With the dominance of first the works Alfa Romeo and then Ferrari teams, Platé's cars were never front-runners in the early years of the Formula One World Championship. However, minor and non-Championship Grands Prix events saw Scuderia Enrico Platé take a further five race victories between 1950 and 1953. Always loyal to the Maserati marque, Platé's team rebuilt one of the Italian company's Maserati 4CLT Formula One cars to Formula Two specification for the and seasons, which were run to F2 regulations. The revisions and alterations were sufficiently significant for Maserati to allow Scuderia Platé to enter the car as the Maserati-Platé, making Platé the only Formula One engine manufacturer to originate in Switzerland.^{1}

In the early part of 1953 Platé began to run into financial difficulty. Although he maintained a presence at races, this was usually by preparing cars for de Graffenried rather than as an entrant himself. Enrico Platé met a premature end when he was killed in an accident during a brief return to the track, driving in a minor Formula Libre race in Buenos Aires in 1954.

==Complete Formula One World Championship results==
(key) (Results in bold indicate pole position; results in italics indicate fastest lap; † indicates shared drive.)

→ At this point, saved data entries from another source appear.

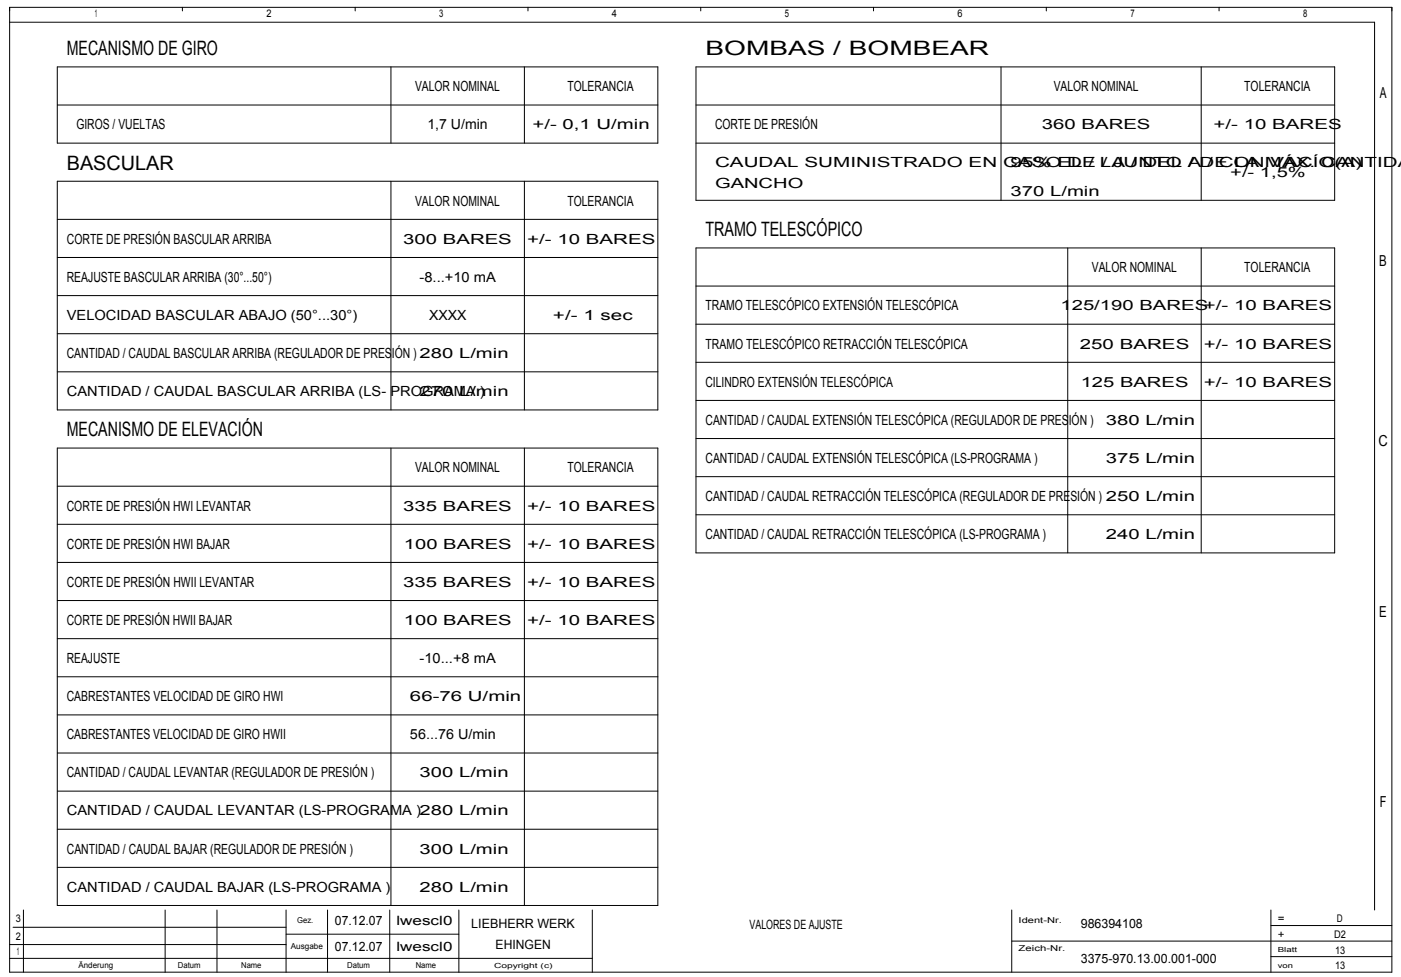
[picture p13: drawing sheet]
<svg xmlns="http://www.w3.org/2000/svg" width="582mm" height="406mm" viewBox="0 0 582 406" stroke-linecap="round" stroke-linejoin="round" font-family="sans-serif">
<defs><g id="words">
<g font-size="8.2">
<text x="27.8" y="23">MECANISMO DE GIRO</text>
<text x="293.1" y="23">BOMBAS / BOMBEAR</text>
<text x="27.8" y="70.5">BASCULAR</text>
<text x="293.1" y="98.2">TRAMO TELESCÓPICO</text>
<text x="27.8" y="181.4">MECANISMO DE ELEVACIÓN</text>
</g>
<g font-size="6.3">
<text x="573.2" y="40.9">A</text>
<text x="573" y="110.5">B</text>
<text x="572.7" y="185.2">C</text>
<text x="573" y="256.2">E</text>
<text x="573.2" y="335.2">F</text>
</g>
<g font-size="5.8">
<text x="172.4" y="37.9">VALOR NOMINAL</text>
<text x="235.7" y="37.9">TOLERANCIA</text>
<text x="437.7" y="37.9">VALOR NOMINAL</text>
<text x="516.9" y="37.9">TOLERANCIA</text>
<text x="31.7" y="53.8">GIROS / VUELTAS</text>
<text x="177.6" y="53.8">1,7 U/min</text>
<text x="221.2" y="53.8">+/­ 0,1 U/min</text>
<text x="297" y="53.8">CORTE DE PRESIÓN</text>
<text x="432.8" y="53.8">360 BARES</text>
<text x="504.1" y="53.8">+/­ 10 BARES</text>
<text x="297" y="69.6">CAUDAL SUMINISTRADO EN CASO DE / JUNTO A / CON VACÍO(A)</text>
<text x="419.8" y="69.6">95% EL / LA / DEL / DE LA MÁX. CANTIDA</text>
<text x="511.1" y="73.6">+/­ 1,5%</text>
<text x="297" y="78">GANCHO</text>
<text x="419.8" y="81.5">370 L/min</text>
<text x="172.4" y="85.4">VALOR NOMINAL</text>
<text x="235.7" y="85.4">TOLERANCIA</text>
<text x="27.8" y="101.3">CORTE DE PRESIÓN BASCULAR ARRIBA</text>
<text x="167.5" y="101.3">300 BARES</text>
<text x="219" y="101.3">+/­ 10 BARES</text>
<text x="453.6" y="113.2">VALOR NOMINAL</text>
<text x="516.9" y="113.2">TOLERANCIA</text>
<text x="27.8" y="117.1">REAJUSTE BASCULAR ARRIBA (30°...50°)</text>
<text x="174.3" y="117.1">­8...+10 mA</text>
<text x="293.1" y="129">TRAMO TELESCÓPICO EXTENSIÓN TELESCÓPICA</text>
<text x="440.5" y="129">125/190 BARES+/­ 10 BARES</text>
<text x="27.8" y="133">VELOCIDAD BASCULAR ABAJO (50°...30°)</text>
<text x="178.2" y="133">XXXX</text>
<text x="229.7" y="133">+/­ 1 sec</text>
<text x="27.8" y="148.8">CANTIDAD / CAUDAL BASCULAR ARRIBA (REGULADOR DE PRESIÓN ) 280 L/min</text>
<text x="293.1" y="144.8">TRAMO TELESCÓPICO RETRACCIÓN TELESCÓPICA</text>
<text x="448.6" y="144.8">250 BARES</text>
<text x="500.1" y="144.8">+/­ 10 BARES</text>
<text x="293.1" y="160.7">CILINDRO EXTENSIÓN TELESCÓPICA</text>
<text x="448.9" y="160.7">125 BARES</text>
<text x="500.1" y="160.7">+/­ 10 BARES</text>
<text x="27.8" y="164.6">CANTIDAD / CAUDAL BASCULAR ARRIBA (LS­ PROGRAMA )</text>
<text x="174.3" y="164.6">270 L/min</text>
<text x="293.1" y="176.5">CANTIDAD / CAUDAL EXTENSIÓN TELESCÓPICA (REGULADOR DE PRESIÓN )</text>
<text x="459.4" y="176.5">380 L/min</text>
<text x="172.4" y="196.3">VALOR NOMINAL</text>
<text x="235.7" y="196.3">TOLERANCIA</text>
<text x="293.1" y="192.4">CANTIDAD / CAUDAL EXTENSIÓN TELESCÓPICA (LS­PROGRAMA )</text>
<text x="459.4" y="192.4">375 L/min</text>
<text x="293.1" y="208.2">CANTIDAD / CAUDAL RETRACCIÓN TELESCÓPICA (REGULADOR DE PRESIÓN ) 250 L/min</text>
<text x="27.8" y="212.2">CORTE DE PRESIÓN HWI LEVANTAR</text>
<text x="167.5" y="212.2">335 BARES</text>
<text x="219" y="212.2">+/­ 10 BARES</text>
<text x="27.8" y="228">CORTE DE PRESIÓN HWI BAJAR</text>
<text x="167.8" y="228">100 BARES</text>
<text x="219" y="228">+/­ 10 BARES</text>
<text x="293.1" y="224">CANTIDAD / CAUDAL RETRACCIÓN TELESCÓPICA (LS­PROGRAMA )</text>
<text x="459.4" y="224">240 L/min</text>
<text x="27.8" y="243.8">CORTE DE PRESIÓN HWII LEVANTAR</text>
<text x="167.5" y="243.8">335 BARES</text>
<text x="219" y="243.8">+/­ 10 BARES</text>
<text x="27.8" y="259.7">CORTE DE PRESIÓN HWII BAJAR</text>
<text x="167.8" y="259.7">100 BARES</text>
<text x="219" y="259.7">+/­ 10 BARES</text>
<text x="27.8" y="275.5">REAJUSTE</text>
<text x="174.3" y="275.5">­10...+8 mA</text>
<text x="27.8" y="291.4">CABRESTANTES VELOCIDAD DE GIRO HWI</text>
<text x="170.3" y="291.4">66­76 U/min</text>
<text x="27.8" y="307.2">CABRESTANTES VELOCIDAD DE GIRO HWII</text>
<text x="170.3" y="307.2">56...76 U/min</text>
<text x="27.8" y="323">CANTIDAD / CAUDAL LEVANTAR (REGULADOR DE PRESIÓN )</text>
<text x="174.3" y="323">300 L/min</text>
<text x="27.8" y="338.9">CANTIDAD / CAUDAL LEVANTAR (LS­PROGRAMA )280 L/min</text>
<text x="27.8" y="354.7">CANTIDAD / CAUDAL BAJAR (REGULADOR DE PRESIÓN )</text>
<text x="174.3" y="354.7">300 L/min</text>
<text x="27.8" y="370.6">CANTIDAD / CAUDAL BAJAR (LS­PROGRAMA )</text>
<text x="174.3" y="370.6">280 L/min</text>
</g>
<g font-size="5.3">
<text x="139.1" y="384.4">07.12.07</text>
<text x="164.7" y="384.4">lwescl0</text>
<text x="195.8" y="385.8">LIEBHERR WERK</text>
<text x="311.4" y="386.1">VALORES DE AJUSTE</text>
<text x="449" y="385.8">986394108</text>
<text x="139.1" y="395.1">07.12.07</text>
<text x="164.7" y="395.1">lwescl0</text>
<text x="205.9" y="394.4">EHINGEN</text>
<text x="449" y="400.2">3375­970.13.00.001­000</text>
</g>
<g font-size="4.4">
<text x="39.3" y="7.1">1</text>
<text x="110.7" y="7.1">2</text>
<text x="182.5" y="7.1">3</text>
<text x="254.2" y="7.1">4</text>
<text x="326" y="7.1">5</text>
<text x="397.8" y="7.1">6</text>
<text x="469.6" y="7.1">7</text>
<text x="541.4" y="7.1">8</text>
<text x="6.6" y="383.3">3</text>
<text x="530.9" y="383.3">=</text>
<text x="555.4" y="383.3">D</text>
<text x="530.9" y="389.8">+</text>
<text x="554.2" y="389.8">D2</text>
<text x="6.5" y="390.5">2</text>
<text x="7" y="397">1</text>
<text x="554.6" y="396.3">13</text>
<text x="554.6" y="402.7">13</text>
</g>
<g font-size="3.4">
<text x="123.4" y="383.7">Gez.</text>
<text x="423.2" y="383.7">Ident­Nr.</text>
<text x="120.8" y="394.5">Ausgabe</text>
<text x="423.2" y="395.2">Zeich­Nr.</text>
<text x="32.6" y="402.4">Änderung</text>
<text x="73.8" y="402.4">Datum</text>
<text x="100.2" y="402.4">Name</text>
<text x="144.2" y="402.4">Datum</text>
<text x="172.7" y="402.4">Name</text>
</g>
<g font-size="2.9">
<text x="530.8" y="395.8">Blatt</text>
<text x="205.2" y="402.3">Copyright (c)</text>
<text x="530.8" y="402.3">von</text>
</g>
</g></defs>
<g fill="none" stroke="#000" stroke-width=".42">
<path d="M4 3.1h574.2v400.9h-574.2zM4 9.2h567v369M75.8 3.1v1.4M147.6 3.1v1.4M219.3 3.1v1.4M291.1 3.1v1.4M362.9 3.1v1.4M434.6 3.1v1.4M506.4 3.1v1.4M23.8 27.8h249.5v31.7h-249.5zM162.4 27.8v31.7M217.8 27.8v31.7"/>
<path d="M289.1 27.8h265.3v55.4h-265.3zM415.8 27.8v55.4M499 27.8v55.4M23.8 43.6h249.5M289.1 59.5h265.3M289.1 43.6h265.3M23.8 75.3h249.5v95.1h-249.5zM162.4 75.3v95.1M217.8 75.3v95.1M23.8 91.2h249.5M23.8 107h249.5M289.1 103h265.3v126.8h-265.3z"/>
<path d="M289.1 118.9h265.3M443.6 103v126.8M499 103v126.8M23.8 138.7h249.5M23.8 122.8h249.5M289.1 134.7h265.3M23.8 154.5h249.5M289.1 150.6h265.3M289.1 166.4h265.3M23.8 186.2h249.5v190.1h-249.5zM162.4 186.2v190.1M217.8 186.2v190.1"/>
<path d="M289.1 198.1h265.3M289.1 182.2h265.3M23.8 217.9h249.5M23.8 202h249.5M289.1 213.9h265.3M23.8 233.7h249.5M23.8 249.6h249.5M23.8 265.4h249.5M23.8 297.1h249.5M23.8 281.2h249.5M23.8 312.9h249.5M23.8 328.8h249.5"/>
<path d="M23.8 344.6h249.5M9.7 378.2v25.8M23.8 360.4h249.5M68.6 378.2v25.8M90.1 378.2v25.8M118.8 378.2v25.8M136.1 378.2v25.8M161.9 378.2v25.8M190.6 378.2v25.8M246.1 378.2v25.8M420.3 378.2v25.8M528 378.2v25.8"/>
<path d="M4 398.3h242.1M4 392.5h114.8M5.4 385.3h113.4M118.8 388.2h71.8M420.3 391.1h157.9M528 397.5h50.2M528 384.6h50.2"/>
</g>
<use href="#words"/>
</svg>

| Year | Chassis | Engine(s) | Tyres | Drivers | 1 | 2 | 3 | 4 | 5 | 6 | 7 | 8 | 9 |
| 1950 | Maserati 4CLT/48 | Maserati 4CLT 1.5 L4s | P |  | GBR | MON | 500 | SUI | BEL | FRA | ITA |  |  |
| SUI Toulo de Graffenried | Ret | Ret |  | 6 |  |  | 6 |  |  |
| THA B. Bira | Ret | 5 |  | 4 |  |  | Ret |  |  |
| 1951 | Maserati 4CLT/48 | Maserati 4CLT 1.5 L4s | P |  | SUI | 500 | BEL | FRA | GBR | GER | ITA | ESP |  |
| Monaco Louis Chiron | 7 |  |  |  |  |  |  |  |  |
| USA Harry Schell | 12 |  |  | Ret |  |  |  |  |  |
| Switzerland Toulo de Graffenried |  |  |  | Ret |  | Ret |  |  |  |
| 1952 | Maserati 4CLT/48 | Platé 2.0 L4 | P |  | SUI | 500 | BEL | FRA | GBR | GER | NED | ITA |  |
| SUI Toulo de Graffenried | 6 |  |  | Ret† | 19 |  |  | DNQ |  |
| USA Harry Schell | Ret |  |  | Ret† | 17 |  |  |  |  |
| ARG Alberto Crespo |  |  |  |  |  |  |  | DNQ |  |
| 1953 | Maserati A6GCM | Maserati A6 2.0 L6 | P |  | ARG | 500 | NED | BEL | FRA | GBR | GER | SUI | ITA |
| SUI Toulo de Graffenried |  |  | 5 |  |  |  |  |  |  |

† Indicates shared drive

==Footnotes==
^{1} Discounting Sauber's rebranded, British-built engines used during the 1993 Formula One season.